[Start of section]

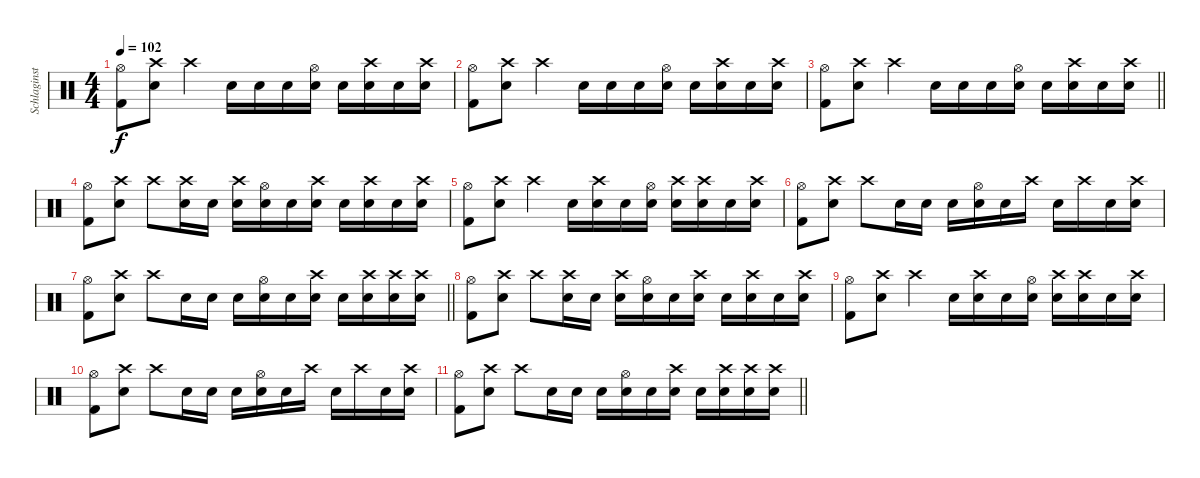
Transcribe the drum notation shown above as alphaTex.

\track ("Schlaginstrumente - Auswahl" "Schlaginst") {instrument percussion}
\staff {score}
\articulation defaults
\ts (4 4)
\tempo 102
\clef neutral
\ks c
("Hi-Hat (open)" "Kick (hit) 2").8{dy f} ("Crash high (hit)" "Electric Snare (hit)").8 "Crash high (hit)".4 "Snare (hit) 2".16 "Snare (hit) 2".16 "Snare (hit) 2".16 ("Snare (hit) 2" "Hi-Hat (open)").16 "Snare (hit) 2".16 ("Snare (hit) 2" "Crash high (hit)").16 "Snare (hit) 2".16 ("Snare (hit) 2" "Crash high (hit)").16 |
("Hi-Hat (open)" "Kick (hit) 2").8 ("Crash high (hit)" "Electric Snare (hit)").8 "Crash high (hit)".4 "Snare (hit) 2".16 "Snare (hit) 2".16 "Snare (hit) 2".16 ("Snare (hit) 2" "Hi-Hat (open)").16 "Snare (hit) 2".16 ("Snare (hit) 2" "Crash high (hit)").16 "Snare (hit) 2".16 ("Snare (hit) 2" "Crash high (hit)").16 |
\barLineRight lightlight
("Hi-Hat (open)" "Kick (hit) 2").8 ("Crash high (hit)" "Electric Snare (hit)").8 "Crash high (hit)".4 "Snare (hit) 2".16 "Snare (hit) 2".16 "Snare (hit) 2".16 ("Snare (hit) 2" "Hi-Hat (open)").16 "Snare (hit) 2".16 ("Snare (hit) 2" "Crash high (hit)").16 "Snare (hit) 2".16 ("Snare (hit) 2" "Crash high (hit)").16 |
("Hi-Hat (open)" "Kick (hit) 2").8 ("Crash high (hit)" "Electric Snare (hit)").8 "Crash high (hit)".8 ("Snare (hit) 2" "Crash high (hit)").16 "Snare (hit) 2".16 ("Snare (hit) 2" "Crash high (hit)").16 ("Snare (hit) 2" "Hi-Hat (open)").16 "Snare (hit) 2".16 ("Snare (hit) 2" "Crash high (hit)").16 "Snare (hit) 2".16 ("Snare (hit) 2" "Crash high (hit)").16 "Snare (hit) 2".16 ("Snare (hit) 2" "Crash high (hit)").16 |
("Hi-Hat (open)" "Kick (hit) 2").8 ("Crash high (hit)" "Electric Snare (hit)").8 "Crash high (hit)".4 "Snare (hit) 2".16 ("Snare (hit) 2" "Crash high (hit)").16 "Snare (hit) 2".16 ("Snare (hit) 2" "Hi-Hat (open)").16 ("Snare (hit) 2" "Crash high (hit)").16 ("Snare (hit) 2" "Crash high (hit)").16 "Snare (hit) 2".16 ("Snare (hit) 2" "Crash high (hit)").16 |
("Hi-Hat (open)" "Kick (hit) 2").8 ("Crash high (hit)" "Electric Snare (hit)").8 "Crash high (hit)".8 "Snare (hit) 2".16 "Snare (hit) 2".16 "Snare (hit) 2".16 ("Snare (hit) 2" "Hi-Hat (open)").16 "Snare (hit) 2".16 "Crash high (hit)".16 "Snare (hit) 2".16 "Crash high (hit)".16 "Snare (hit) 2".16 ("Snare (hit) 2" "Crash high (hit)").16 |
\barLineRight lightlight
("Hi-Hat (open)" "Kick (hit) 2").8 ("Crash high (hit)" "Electric Snare (hit)").8 "Crash high (hit)".8 "Snare (hit) 2".16 "Snare (hit) 2".16 "Snare (hit) 2".16 ("Snare (hit) 2" "Hi-Hat (open)").16 "Snare (hit) 2".16 ("Snare (hit) 2" "Crash high (hit)").16 "Snare (hit) 2".16 ("Snare (hit) 2" "Crash high (hit)").16 ("Snare (hit) 2" "Crash high (hit)").16 ("Snare (hit) 2" "Crash high (hit)").16 |
("Hi-Hat (open)" "Kick (hit) 2").8 ("Crash high (hit)" "Electric Snare (hit)").8 "Crash high (hit)".8 ("Snare (hit) 2" "Crash high (hit)").16 "Snare (hit) 2".16 ("Snare (hit) 2" "Crash high (hit)").16 ("Snare (hit) 2" "Hi-Hat (open)").16 "Snare (hit) 2".16 ("Snare (hit) 2" "Crash high (hit)").16 "Snare (hit) 2".16 ("Snare (hit) 2" "Crash high (hit)").16 "Snare (hit) 2".16 ("Snare (hit) 2" "Crash high (hit)").16 |
("Hi-Hat (open)" "Kick (hit) 2").8 ("Crash high (hit)" "Electric Snare (hit)").8 "Crash high (hit)".4 "Snare (hit) 2".16 ("Snare (hit) 2" "Crash high (hit)").16 "Snare (hit) 2".16 ("Snare (hit) 2" "Hi-Hat (open)").16 ("Snare (hit) 2" "Crash high (hit)").16 ("Snare (hit) 2" "Crash high (hit)").16 "Snare (hit) 2".16 ("Snare (hit) 2" "Crash high (hit)").16 |
("Hi-Hat (open)" "Kick (hit) 2").8 ("Crash high (hit)" "Electric Snare (hit)").8 "Crash high (hit)".8 "Snare (hit) 2".16 "Snare (hit) 2".16 "Snare (hit) 2".16 ("Snare (hit) 2" "Hi-Hat (open)").16 "Snare (hit) 2".16 "Crash high (hit)".16 "Snare (hit) 2".16 "Crash high (hit)".16 "Snare (hit) 2".16 ("Snare (hit) 2" "Crash high (hit)").16 |
\barLineRight lightlight
("Hi-Hat (open)" "Kick (hit) 2").8 ("Crash high (hit)" "Electric Snare (hit)").8 "Crash high (hit)".8 "Snare (hit) 2".16 "Snare (hit) 2".16 "Snare (hit) 2".16 ("Snare (hit) 2" "Hi-Hat (open)").16 "Snare (hit) 2".16 ("Snare (hit) 2" "Crash high (hit)").16 "Snare (hit) 2".16 ("Snare (hit) 2" "Crash high (hit)").16 ("Snare (hit) 2" "Crash high (hit)").16 ("Snare (hit) 2" "Crash high (hit)").16

[End of section]

Repeat the records word for word. Leave out whatever pictures they hold.

Transcribe the drum notation shown above as alphaTex.

\track ("Schlaginstrumente - Auswahl" "Schlaginst") {instrument percussion}
\staff {score}
\articulation defaults
\ts (4 4)
\tempo 102
\clef neutral
\ks c
("Hi-Hat (open)" "Kick (hit) 2").8{dy f} ("Crash high (hit)" "Electric Snare (hit)").8 "Crash high (hit)".4 "Snare (hit) 2".16 "Snare (hit) 2".16 "Snare (hit) 2".16 ("Snare (hit) 2" "Hi-Hat (open)").16 "Snare (hit) 2".16 ("Snare (hit) 2" "Crash high (hit)").16 "Snare (hit) 2".16 ("Snare (hit) 2" "Crash high (hit)").16 |
("Hi-Hat (open)" "Kick (hit) 2").8 ("Crash high (hit)" "Electric Snare (hit)").8 "Crash high (hit)".4 "Snare (hit) 2".16 "Snare (hit) 2".16 "Snare (hit) 2".16 ("Snare (hit) 2" "Hi-Hat (open)").16 "Snare (hit) 2".16 ("Snare (hit) 2" "Crash high (hit)").16 "Snare (hit) 2".16 ("Snare (hit) 2" "Crash high (hit)").16 |
\barLineRight lightlight
("Hi-Hat (open)" "Kick (hit) 2").8 ("Crash high (hit)" "Electric Snare (hit)").8 "Crash high (hit)".4 "Snare (hit) 2".16 "Snare (hit) 2".16 "Snare (hit) 2".16 ("Snare (hit) 2" "Hi-Hat (open)").16 "Snare (hit) 2".16 ("Snare (hit) 2" "Crash high (hit)").16 "Snare (hit) 2".16 ("Snare (hit) 2" "Crash high (hit)").16 |
("Hi-Hat (open)" "Kick (hit) 2").8 ("Crash high (hit)" "Electric Snare (hit)").8 "Crash high (hit)".8 ("Snare (hit) 2" "Crash high (hit)").16 "Snare (hit) 2".16 ("Snare (hit) 2" "Crash high (hit)").16 ("Snare (hit) 2" "Hi-Hat (open)").16 "Snare (hit) 2".16 ("Snare (hit) 2" "Crash high (hit)").16 "Snare (hit) 2".16 ("Snare (hit) 2" "Crash high (hit)").16 "Snare (hit) 2".16 ("Snare (hit) 2" "Crash high (hit)").16 |
("Hi-Hat (open)" "Kick (hit) 2").8 ("Crash high (hit)" "Electric Snare (hit)").8 "Crash high (hit)".4 "Snare (hit) 2".16 ("Snare (hit) 2" "Crash high (hit)").16 "Snare (hit) 2".16 ("Snare (hit) 2" "Hi-Hat (open)").16 ("Snare (hit) 2" "Crash high (hit)").16 ("Snare (hit) 2" "Crash high (hit)").16 "Snare (hit) 2".16 ("Snare (hit) 2" "Crash high (hit)").16 |
("Hi-Hat (open)" "Kick (hit) 2").8 ("Crash high (hit)" "Electric Snare (hit)").8 "Crash high (hit)".8 "Snare (hit) 2".16 "Snare (hit) 2".16 "Snare (hit) 2".16 ("Snare (hit) 2" "Hi-Hat (open)").16 "Snare (hit) 2".16 "Crash high (hit)".16 "Snare (hit) 2".16 "Crash high (hit)".16 "Snare (hit) 2".16 ("Snare (hit) 2" "Crash high (hit)").16 |
\barLineRight lightlight
("Hi-Hat (open)" "Kick (hit) 2").8 ("Crash high (hit)" "Electric Snare (hit)").8 "Crash high (hit)".8 "Snare (hit) 2".16 "Snare (hit) 2".16 "Snare (hit) 2".16 ("Snare (hit) 2" "Hi-Hat (open)").16 "Snare (hit) 2".16 ("Snare (hit) 2" "Crash high (hit)").16 "Snare (hit) 2".16 ("Snare (hit) 2" "Crash high (hit)").16 ("Snare (hit) 2" "Crash high (hit)").16 ("Snare (hit) 2" "Crash high (hit)").16 |
("Hi-Hat (open)" "Kick (hit) 2").8 ("Crash high (hit)" "Electric Snare (hit)").8 "Crash high (hit)".8 ("Snare (hit) 2" "Crash high (hit)").16 "Snare (hit) 2".16 ("Snare (hit) 2" "Crash high (hit)").16 ("Snare (hit) 2" "Hi-Hat (open)").16 "Snare (hit) 2".16 ("Snare (hit) 2" "Crash high (hit)").16 "Snare (hit) 2".16 ("Snare (hit) 2" "Crash high (hit)").16 "Snare (hit) 2".16 ("Snare (hit) 2" "Crash high (hit)").16 |
("Hi-Hat (open)" "Kick (hit) 2").8 ("Crash high (hit)" "Electric Snare (hit)").8 "Crash high (hit)".4 "Snare (hit) 2".16 ("Snare (hit) 2" "Crash high (hit)").16 "Snare (hit) 2".16 ("Snare (hit) 2" "Hi-Hat (open)").16 ("Snare (hit) 2" "Crash high (hit)").16 ("Snare (hit) 2" "Crash high (hit)").16 "Snare (hit) 2".16 ("Snare (hit) 2" "Crash high (hit)").16 |
("Hi-Hat (open)" "Kick (hit) 2").8 ("Crash high (hit)" "Electric Snare (hit)").8 "Crash high (hit)".8 "Snare (hit) 2".16 "Snare (hit) 2".16 "Snare (hit) 2".16 ("Snare (hit) 2" "Hi-Hat (open)").16 "Snare (hit) 2".16 "Crash high (hit)".16 "Snare (hit) 2".16 "Crash high (hit)".16 "Snare (hit) 2".16 ("Snare (hit) 2" "Crash high (hit)").16 |
\barLineRight lightlight
("Hi-Hat (open)" "Kick (hit) 2").8 ("Crash high (hit)" "Electric Snare (hit)").8 "Crash high (hit)".8 "Snare (hit) 2".16 "Snare (hit) 2".16 "Snare (hit) 2".16 ("Snare (hit) 2" "Hi-Hat (open)").16 "Snare (hit) 2".16 ("Snare (hit) 2" "Crash high (hit)").16 "Snare (hit) 2".16 ("Snare (hit) 2" "Crash high (hit)").16 ("Snare (hit) 2" "Crash high (hit)").16 ("Snare (hit) 2" "Crash high (hit)").16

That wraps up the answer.